Here is a function that efficiently finds the union of two pre-sorted unique vectors. I've never had a need for the non-unique case myself so have not written a function that covers that case I'm afraid:
"union <- Return the union of the inputs as a new sorted vector"
function union_vec(x::Vector{T}, y::Vector{T})::Vector{T} where {T}
(nx, ny) = (1, 1)
z = T[]
while nx <= length(x) && ny <= length(y)
if x[nx] < y[ny]
push!(z, x[nx])
nx += 1
elseif y[ny] < x[nx]
push!(z, y[ny])
ny += 1
else
push!(z, x[nx])
nx += 1
ny += 1
end
end
if nx <= length(x)
[ push!(z, x[n]) for n = nx:length(x) ]
elseif ny <= length(y)
[ push!(z, y[n]) for n = ny:length(y) ]
end
return z
end
Another option is to look at sorted dictionaries, available in the DataStructures.jl package. I haven't done it myself, but a method that just inserts all observations into a sorted dictionary (checking for key duplication as you go) and then iterates over (keys, values) should also be a fairly efficient way to attack this problem.
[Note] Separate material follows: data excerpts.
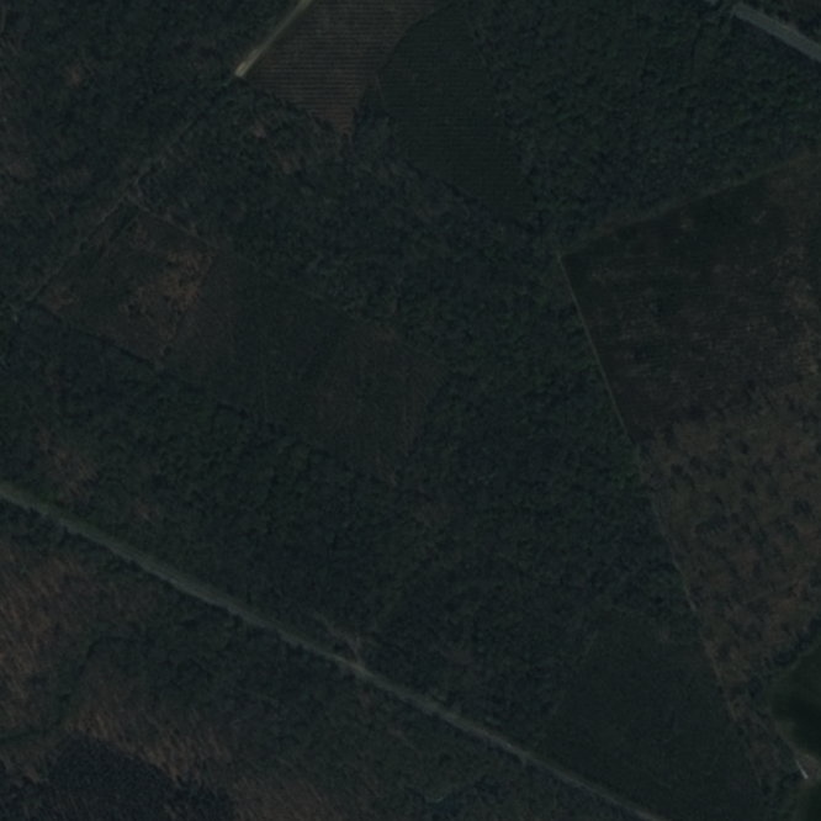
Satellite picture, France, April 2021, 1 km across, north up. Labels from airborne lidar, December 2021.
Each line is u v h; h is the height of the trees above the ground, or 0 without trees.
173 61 25
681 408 0
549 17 17
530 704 22
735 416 22
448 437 17
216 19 27
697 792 16
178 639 18
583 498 24
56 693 18
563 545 20
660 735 16
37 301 10
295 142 22
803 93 23
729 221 0
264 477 22
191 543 18
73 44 22
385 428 15
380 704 26
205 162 20
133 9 27
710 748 19
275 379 16
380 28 0
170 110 17
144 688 21
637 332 0
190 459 23
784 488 0
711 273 0
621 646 16
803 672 0
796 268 0
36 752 22
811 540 0
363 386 16
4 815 14
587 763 14
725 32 13
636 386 0
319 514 22
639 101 15
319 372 11
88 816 17
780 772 23
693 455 0
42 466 18
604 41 19
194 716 28
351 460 17
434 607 24
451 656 20
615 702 17
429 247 20
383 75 6
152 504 22
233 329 15
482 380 28
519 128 18
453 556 23
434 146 7
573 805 26
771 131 22
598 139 22
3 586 26
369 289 23
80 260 9
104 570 19
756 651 23
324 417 15
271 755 24
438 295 23
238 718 29
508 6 21
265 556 26
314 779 26
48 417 22
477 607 20
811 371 0
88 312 10
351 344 16
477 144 8
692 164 15
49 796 17
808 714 0
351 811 24
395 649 20
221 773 23
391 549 22
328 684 24
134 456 26
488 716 25
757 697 24
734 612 28
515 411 21
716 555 28
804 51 0
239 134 16
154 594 16
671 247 0
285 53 0
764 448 0
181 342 16
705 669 19
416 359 16
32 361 22
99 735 21
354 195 21
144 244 9
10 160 22
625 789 13
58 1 25
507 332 22
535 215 10
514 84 19
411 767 23
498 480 25
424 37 6
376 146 19
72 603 20
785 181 0
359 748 17
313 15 0
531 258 22
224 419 23
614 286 0
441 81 7
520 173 7
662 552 20
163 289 7
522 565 11
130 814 18
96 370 21
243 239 0
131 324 7
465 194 6
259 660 19
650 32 19
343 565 25
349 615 19
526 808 29
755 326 0
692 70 19
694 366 0
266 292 16
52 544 21
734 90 19
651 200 19
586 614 24
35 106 17
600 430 25
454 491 22
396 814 23
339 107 0
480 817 25
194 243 9
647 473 23
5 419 19
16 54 24
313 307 16
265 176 20
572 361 19
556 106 23
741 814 14
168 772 19
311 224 26
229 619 23
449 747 26
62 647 26
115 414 21
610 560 27
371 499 23
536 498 22
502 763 27
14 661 29
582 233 23
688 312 0
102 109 22
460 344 25
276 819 21
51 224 13

Although an explicit function to merge two sorted vectors seems to be missing, one can be constructed easily from the existing building blocks (the question actually demonstrated this, but it doesn't define a function).
The following method tries to leverage the existing sort code and still remain efficient.
In code:
mergesorted(a,b) = sort!(vcat(a,b))
The following is an example:
julia> a = [1:2:11...];
julia> b = [2:3:20...];
julia> show(a)
[1,3,5,7,9,11]
julia> show(b)
[2,5,8,11,14,17,20]
julia> show(mergesorted(a,b))
[1,2,3,5,5,7,8,9,11,11,14,17,20]
I didn't benchmark the function, but QuickSort (the default sort algorithm) is usually good performing on pre-sorted arrays, so it should be OK and the allocation of a result vector is required in any implementation.
I keep coming across this in different projects, so I made a package MergeSorted (https://github.com/vvjn/MergeSorted.jl). You can use it as follows.
using MergeSorted
a = sort!(rand(1000))
b = sort!(rand(1000))
c = mergesorted(a,b)
sort!(vcat(a,b)) == c
Or without allocating new memory.
mergesorted!(c, a, b)
You can also use all of the sort options.
a = sort!(rand(1000), order=Base.Reverse)
b = sort!(rand(1000), order=Base.Reverse)
c = mergesorted(a,b, order=Base.Reverse)
sort!(vcat(a,b), order=Base.Reverse) == c
It's around 4-6 times faster than sort!(vcat(a,b)), which uses QuickSort by default, and twice as fast as sort!(vcat(a,b), alg=MergeSort) but MergeSort uses more memory.
No, such function does not exist. And actually I have not seen a language which has such function out of the box.
To do this, you have to maintain two pointers in each of the arrays, compare the values and move the smaller (based on what I see, this is exactly what you do).